[Exercise materials Boundary: Start]
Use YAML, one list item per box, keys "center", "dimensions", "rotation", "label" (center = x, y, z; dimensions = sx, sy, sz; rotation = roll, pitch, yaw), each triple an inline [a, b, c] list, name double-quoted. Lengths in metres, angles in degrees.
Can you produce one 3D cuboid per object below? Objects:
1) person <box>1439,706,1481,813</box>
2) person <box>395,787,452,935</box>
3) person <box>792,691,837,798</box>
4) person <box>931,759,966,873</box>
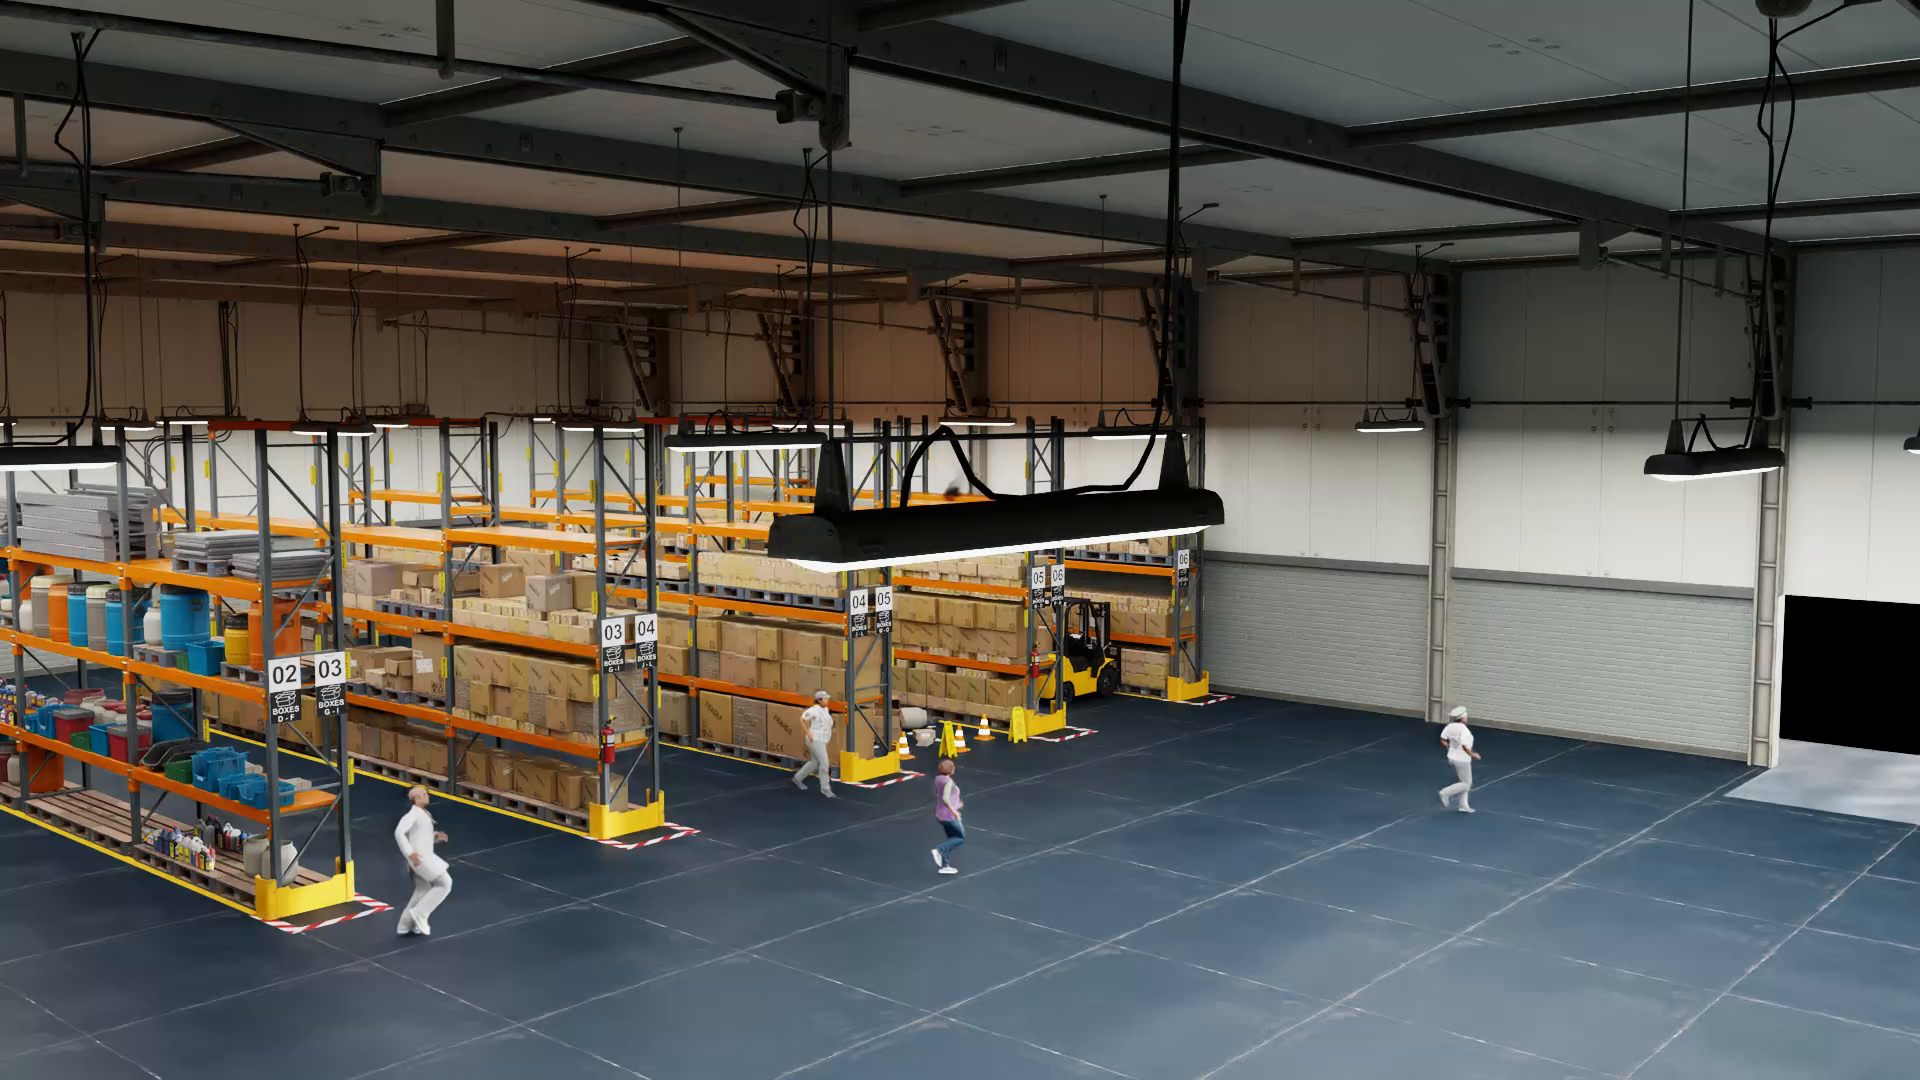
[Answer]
- center: [7.662, 3.391, 25.575]
  dimensions: [0.650, 1.675, 0.577]
  rotation: [-2, 5, -20]
  label: "person"
- center: [-6.408, 3.911, 19.830]
  dimensions: [0.636, 1.531, 0.698]
  rotation: [-2, 5, -21]
  label: "person"
- center: [-2.315, 3.290, 26.924]
  dimensions: [0.864, 1.698, 0.620]
  rotation: [2, 5, 21]
  label: "person"
- center: [-0.165, 3.709, 22.292]
  dimensions: [0.544, 1.555, 0.536]
  rotation: [-2, 5, -25]
  label: "person"
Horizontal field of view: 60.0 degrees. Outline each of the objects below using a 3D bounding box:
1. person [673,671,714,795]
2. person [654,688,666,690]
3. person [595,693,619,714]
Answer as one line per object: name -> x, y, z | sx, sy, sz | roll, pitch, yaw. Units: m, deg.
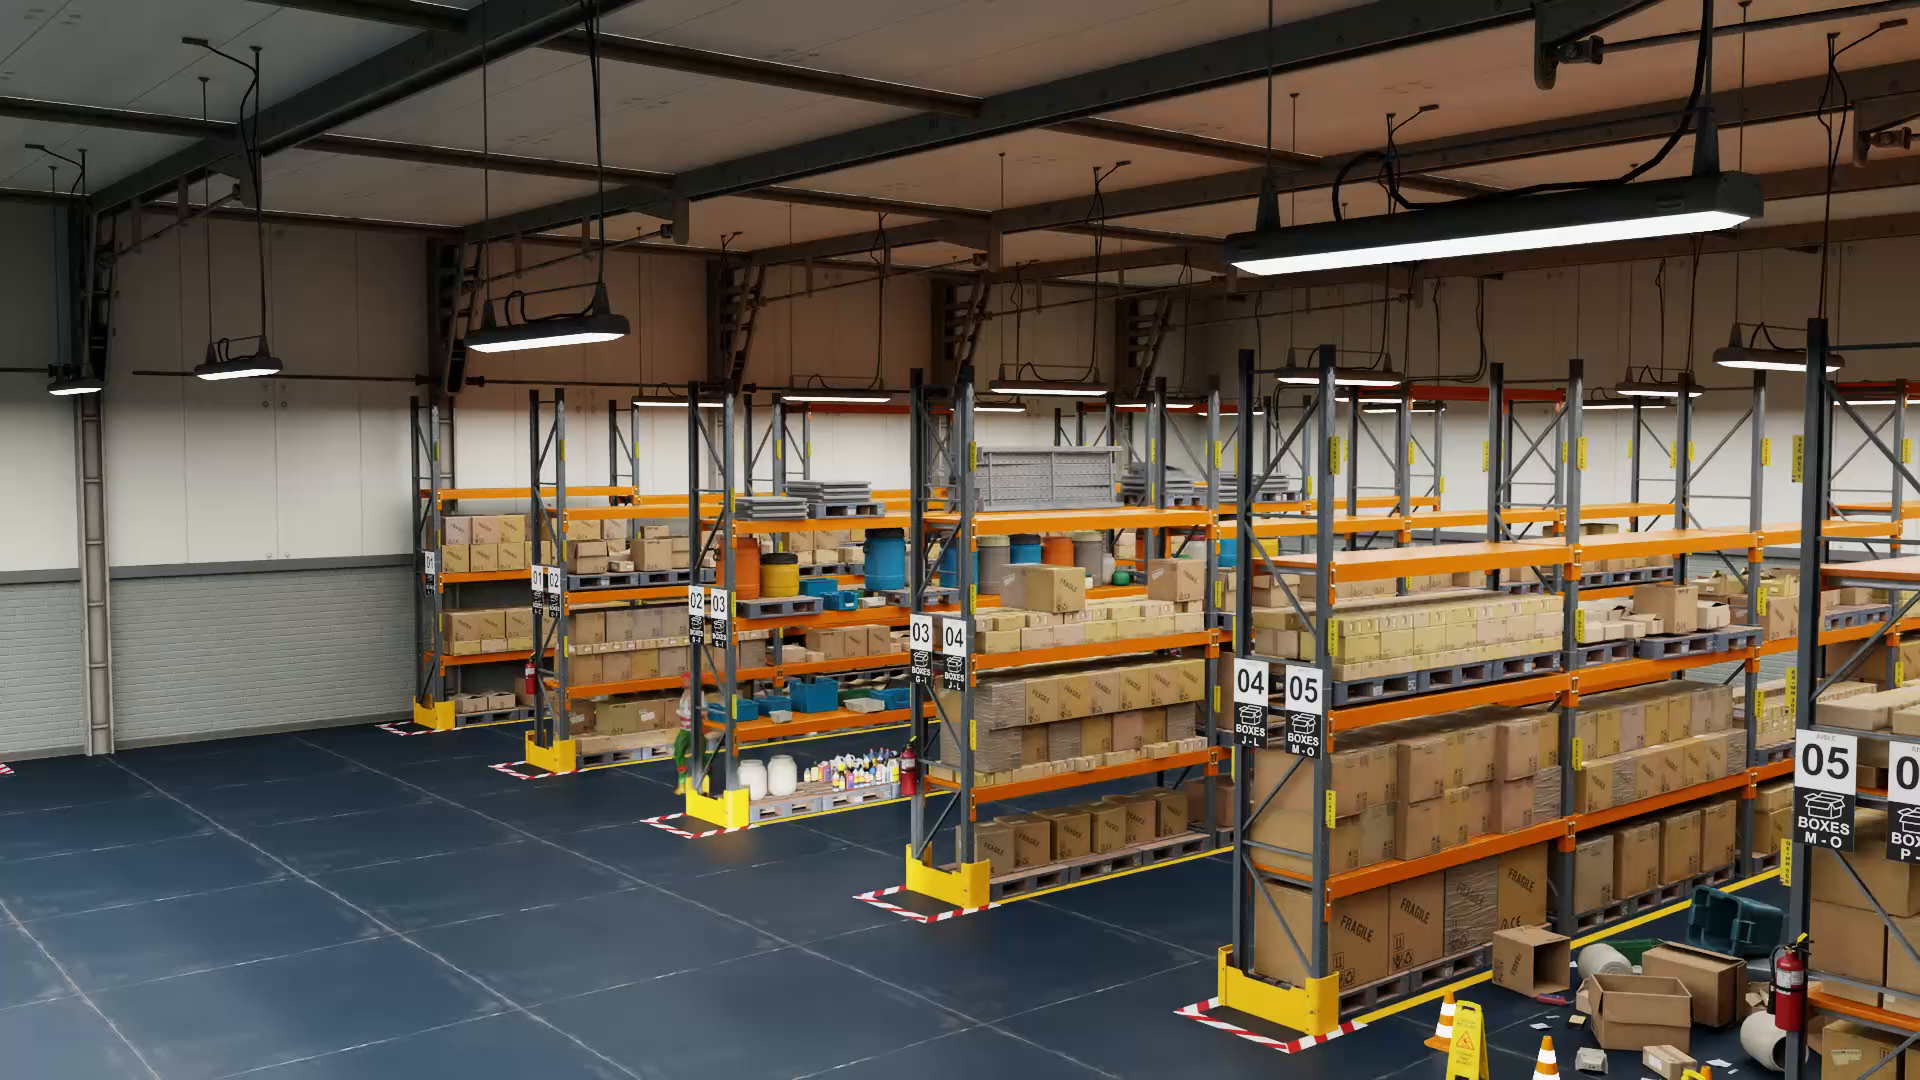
person -> -3.917, 2.843, 24.471 | 0.616, 1.851, 0.779 | 3, 4, 40
person -> -5.379, 2.551, 29.979 | 0.582, 1.690, 0.658 | 2, 4, 33
person -> -6.161, 2.586, 29.144 | 0.656, 1.746, 0.627 | 3, 5, 42
[Exercise materials Boundary: End]
## Problem requirements
Using the entries above, give again exactly the lines from the line holding "2) person <box>395,787,452,935</box>" through the line holding "4) person <box>931,759,966,873</box>". Include both end lines and nothing else.

## Answer area
2) person <box>395,787,452,935</box>
3) person <box>792,691,837,798</box>
4) person <box>931,759,966,873</box>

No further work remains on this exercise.